In some circumstances, lying is acceptable and even desirable. Most of these exceptions concern our private lives and involve matters of courtesy. For example, if I meet an old friend who has gained weight and is wearing an ugly dress, it is proper for me to say, untruthfully, "You look great." If I am confident that I am the smartest person in the room, and you ask me, "Who do you think is the smartest person in the room?" it is proper for me to be evasive or untruthful in my answer.

But a key moral justification for the "good" private lie is that the lie must be selfless, usually a way of modestly shifting praise or advantage or credit away from myself. The opposite kind of justification is almost never acceptable; virtually all self-interested lies are morally wrong.

More generally, from a democrat's perspective, private lying is merely harmful – a betrayal of those being lied to, possibly an indicator of a more general willingness to lie and certainly a bad example to set for children. But public lying in a democracy is lethal. It is lying to everybody at the same time, in a premeditated way, as a civic act, operating from one's authority as a democratic leader.

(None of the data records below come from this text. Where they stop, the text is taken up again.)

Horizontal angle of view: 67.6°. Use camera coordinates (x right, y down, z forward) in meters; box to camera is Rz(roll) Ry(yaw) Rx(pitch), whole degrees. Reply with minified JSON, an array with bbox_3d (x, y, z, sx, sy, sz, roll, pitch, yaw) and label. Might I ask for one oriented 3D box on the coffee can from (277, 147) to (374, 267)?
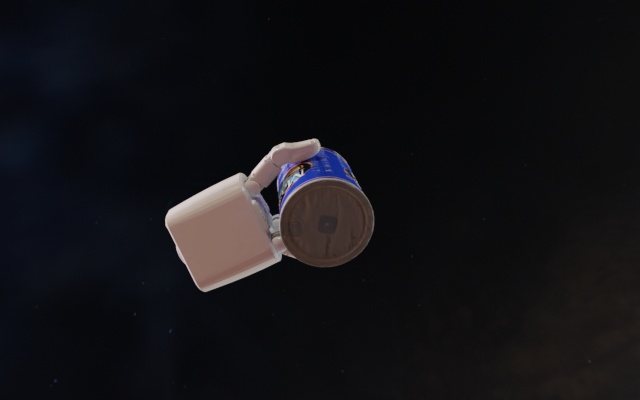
[{"bbox_3d":[0.000,0.002,0.574,0.103,0.103,0.140,0,21,-6],"label":"coffee can"}]
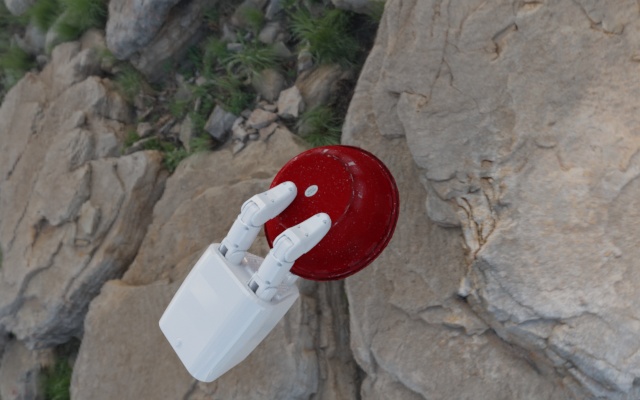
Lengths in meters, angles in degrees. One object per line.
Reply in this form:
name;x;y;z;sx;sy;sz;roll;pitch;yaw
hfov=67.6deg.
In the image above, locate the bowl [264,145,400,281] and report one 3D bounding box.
bowl;0.001;0.000;0.513;0.162;0.162;0.055;0;-21;22
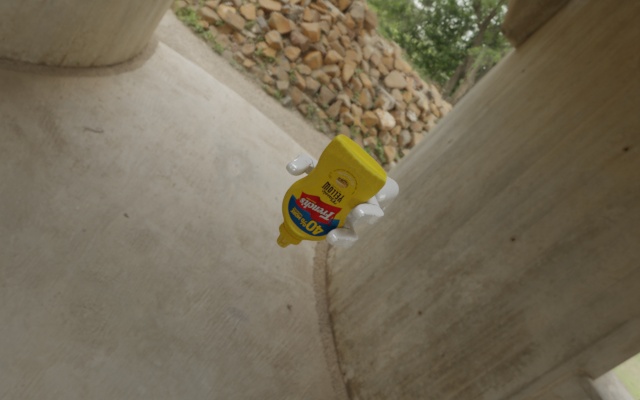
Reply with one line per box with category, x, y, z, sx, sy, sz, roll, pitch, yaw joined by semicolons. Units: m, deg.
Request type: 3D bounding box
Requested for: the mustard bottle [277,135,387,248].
mustard bottle;0.000;0.002;0.698;0.096;0.192;0.058;41;23;-7
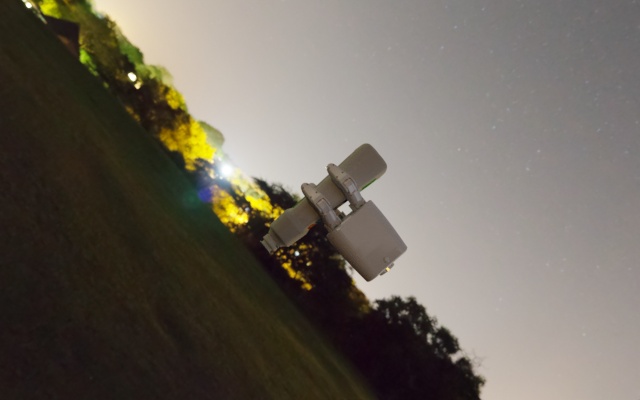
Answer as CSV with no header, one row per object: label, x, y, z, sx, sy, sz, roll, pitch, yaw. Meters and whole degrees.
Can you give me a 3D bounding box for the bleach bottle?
bleach bottle,0.000,0.003,0.841,0.251,0.068,0.102,-39,-2,-10
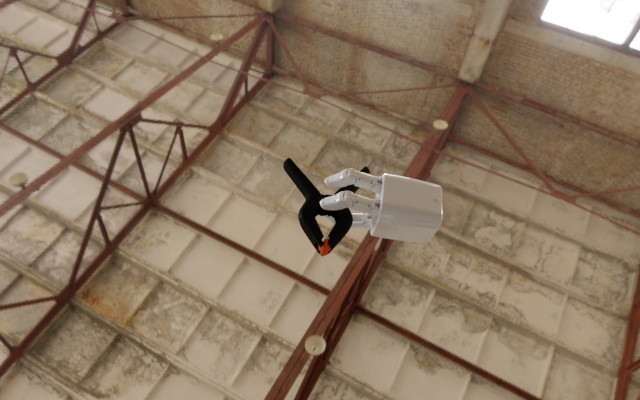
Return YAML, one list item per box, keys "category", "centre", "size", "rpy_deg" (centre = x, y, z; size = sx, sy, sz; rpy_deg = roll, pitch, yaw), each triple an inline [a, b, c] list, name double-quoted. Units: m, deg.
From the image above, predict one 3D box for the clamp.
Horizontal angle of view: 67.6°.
- category: "clamp"
  centre: [0.000, 0.004, 0.852]
  size: [0.164, 0.209, 0.036]
  rpy_deg: [10, -41, 1]
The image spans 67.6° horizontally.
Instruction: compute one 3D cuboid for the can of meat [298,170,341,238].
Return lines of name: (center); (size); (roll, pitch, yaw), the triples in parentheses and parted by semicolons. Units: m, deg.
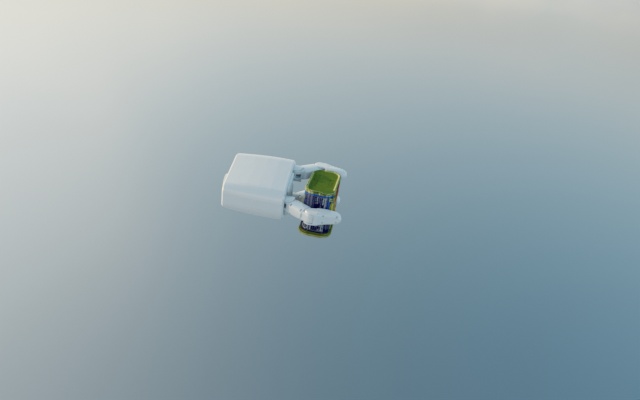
can of meat: (0.000, 0.002, 0.830); (0.057, 0.084, 0.102); (11, 27, 5)
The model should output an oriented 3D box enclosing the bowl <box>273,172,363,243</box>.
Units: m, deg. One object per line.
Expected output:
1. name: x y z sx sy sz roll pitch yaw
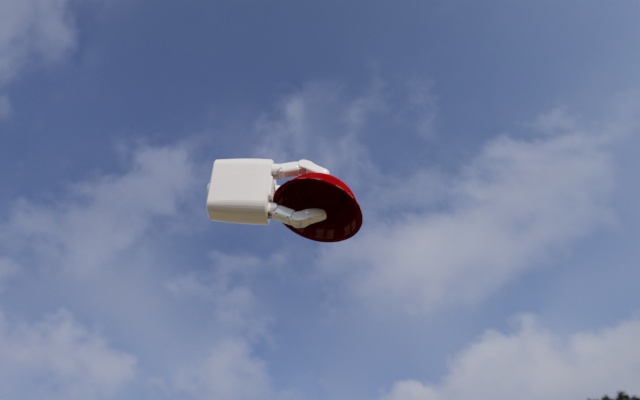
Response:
1. bowl: 0.002 0.003 0.846 0.162 0.055 0.162 11 -42 10
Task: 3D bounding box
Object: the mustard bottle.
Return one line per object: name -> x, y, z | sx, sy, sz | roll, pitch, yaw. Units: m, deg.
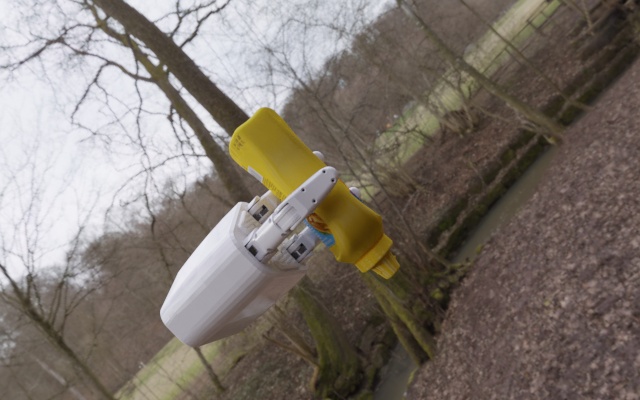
mustard bottle -> 0.000, 0.001, 0.449 | 0.058, 0.191, 0.096 | -45, -1, -12
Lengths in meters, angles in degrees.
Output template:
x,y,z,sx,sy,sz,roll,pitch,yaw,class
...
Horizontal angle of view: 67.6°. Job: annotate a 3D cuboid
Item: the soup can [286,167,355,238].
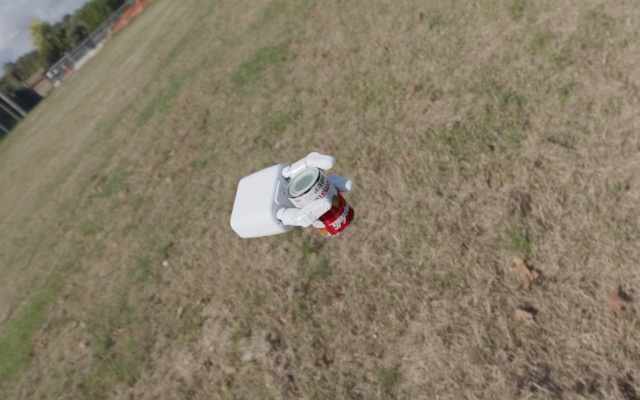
x,y,z,sx,sy,sz,roll,pitch,yaw,class
0.000,0.002,0.775,0.068,0.068,0.102,0,-41,48,soup can

The worst form of public lying is lying under oath – when I formally swear to my fellow citizens and to God to tell the truth, no matter what. Under oath, there is no such thing as a good or private lie, even in the case of the fat friend in an ugly dress or as regards who is the smartest person in the room. Being "sworn in" is a democracy's highest and most solemn enshrinement of the norm of truth telling. To violate that oath is to attack the democratic idea. In Clinton's case, he and his defenders have developed a clear argument. Their proposition is that a president should not be removed from office for public lying repeatedly, including under oath, if the president believes that telling the truth would have exposed him to unfair political attack and unjustified invasions of privacy.

From this basic premise flow all the other supporting ideas. That everybody lies, especially politicians, especially about sex. (If everybody does it, it can't be so bad.) That some public lies are more acceptable than others. That whatever is legally non-actionable is "private" and thus beyond the reach of formal political punishment.

That technically true deceptions, statements clearly intended to deceive but containing well-hidden linguistic escape clauses that can be brought forward when and if the deception is uncovered constitute telling the truth. And, most of all, that politics trumps morality; that political success is ultimately more important than telling the truth.

To accept this proposition and these supporting ideas would be to accept the practicality of public lying in a democracy. I have three young children. From this sad episode, they will learn in the coming weeks either that public lying is acceptable in our society or that it is not.